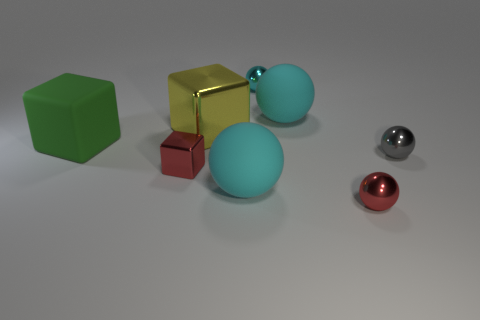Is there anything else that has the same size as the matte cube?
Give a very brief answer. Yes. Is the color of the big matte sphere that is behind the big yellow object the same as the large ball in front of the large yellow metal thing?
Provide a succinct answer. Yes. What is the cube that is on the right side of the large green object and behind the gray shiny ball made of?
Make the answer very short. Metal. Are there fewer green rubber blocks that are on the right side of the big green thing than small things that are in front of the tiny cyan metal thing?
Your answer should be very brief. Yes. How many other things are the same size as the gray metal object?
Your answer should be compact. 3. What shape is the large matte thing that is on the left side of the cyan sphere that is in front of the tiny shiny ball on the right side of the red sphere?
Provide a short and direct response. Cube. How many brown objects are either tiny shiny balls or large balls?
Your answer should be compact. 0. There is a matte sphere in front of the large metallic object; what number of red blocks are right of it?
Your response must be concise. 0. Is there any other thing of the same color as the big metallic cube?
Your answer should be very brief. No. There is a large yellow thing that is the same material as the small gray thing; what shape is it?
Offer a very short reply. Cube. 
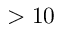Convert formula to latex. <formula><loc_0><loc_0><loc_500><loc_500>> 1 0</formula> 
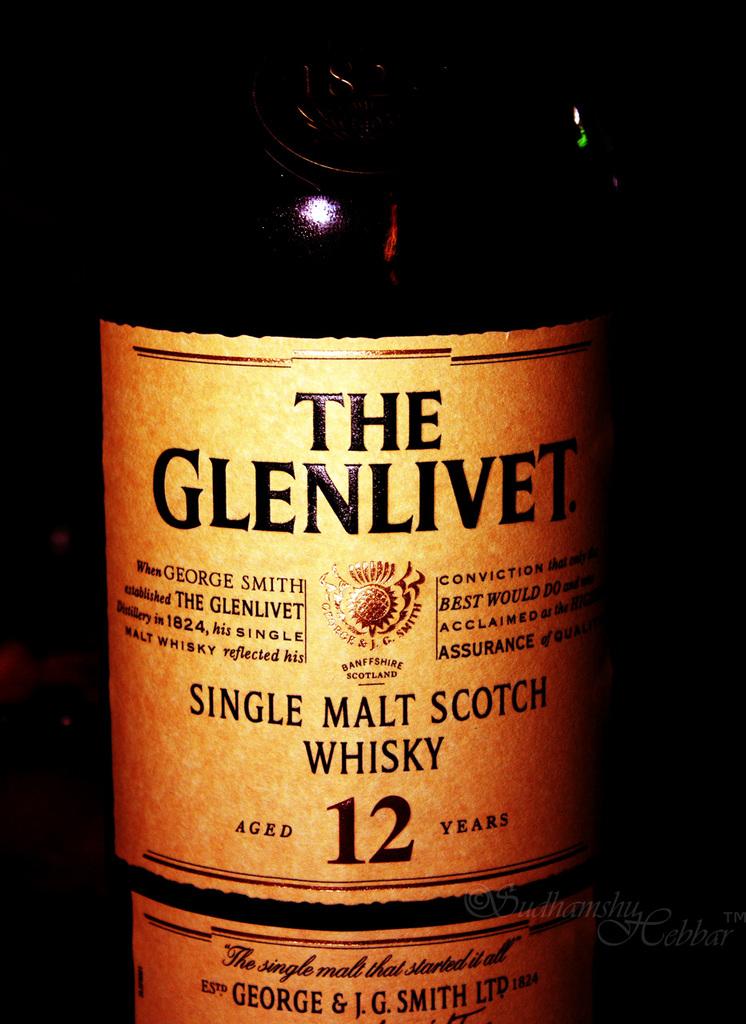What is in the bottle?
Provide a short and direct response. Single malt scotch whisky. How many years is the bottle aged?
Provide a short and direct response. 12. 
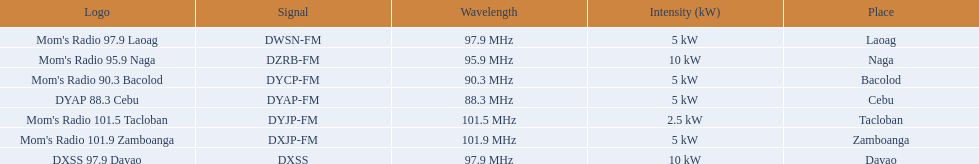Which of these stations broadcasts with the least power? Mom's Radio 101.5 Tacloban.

==

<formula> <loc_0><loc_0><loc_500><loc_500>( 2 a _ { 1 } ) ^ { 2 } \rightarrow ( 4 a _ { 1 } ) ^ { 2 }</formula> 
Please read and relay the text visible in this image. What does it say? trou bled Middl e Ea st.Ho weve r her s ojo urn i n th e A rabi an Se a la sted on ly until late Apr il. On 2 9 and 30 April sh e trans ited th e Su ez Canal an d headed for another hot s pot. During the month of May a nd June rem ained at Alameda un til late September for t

==

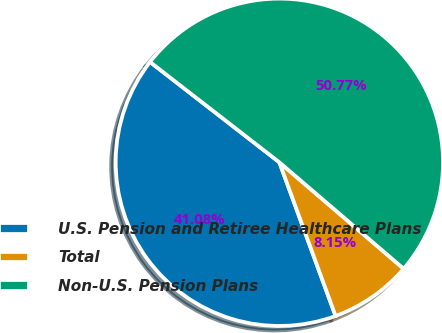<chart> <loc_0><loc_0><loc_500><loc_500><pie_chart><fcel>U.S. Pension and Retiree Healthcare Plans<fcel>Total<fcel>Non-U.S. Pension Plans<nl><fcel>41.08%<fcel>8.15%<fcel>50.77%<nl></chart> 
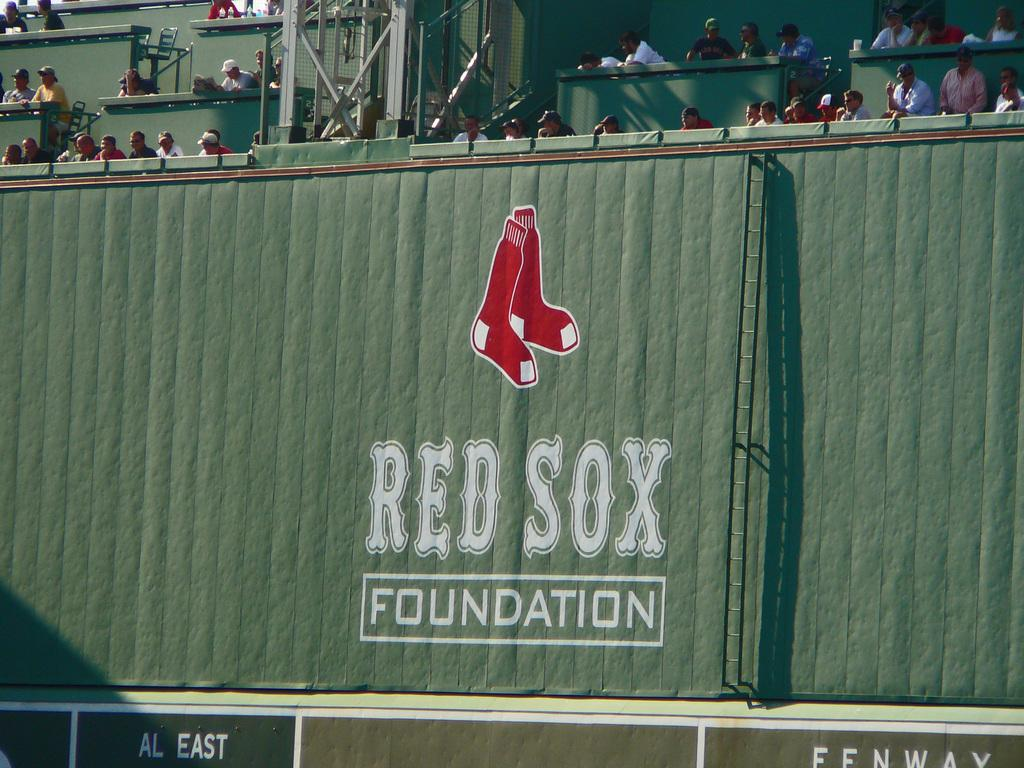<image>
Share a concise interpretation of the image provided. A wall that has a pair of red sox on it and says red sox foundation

> **Work task**:
Within the material above, extract exactly the lines that start at the line containing "Provide a short and direct response. Cube." and stop after the line containing "Your answer should be compact. 0.", and only those.

> **Output for this task**:
Provide a short and direct response. Cube. How many brown objects are either tiny shiny balls or large balls?
Your answer should be compact. 0. There is a matte sphere in front of the large metallic object; what number of red blocks are right of it?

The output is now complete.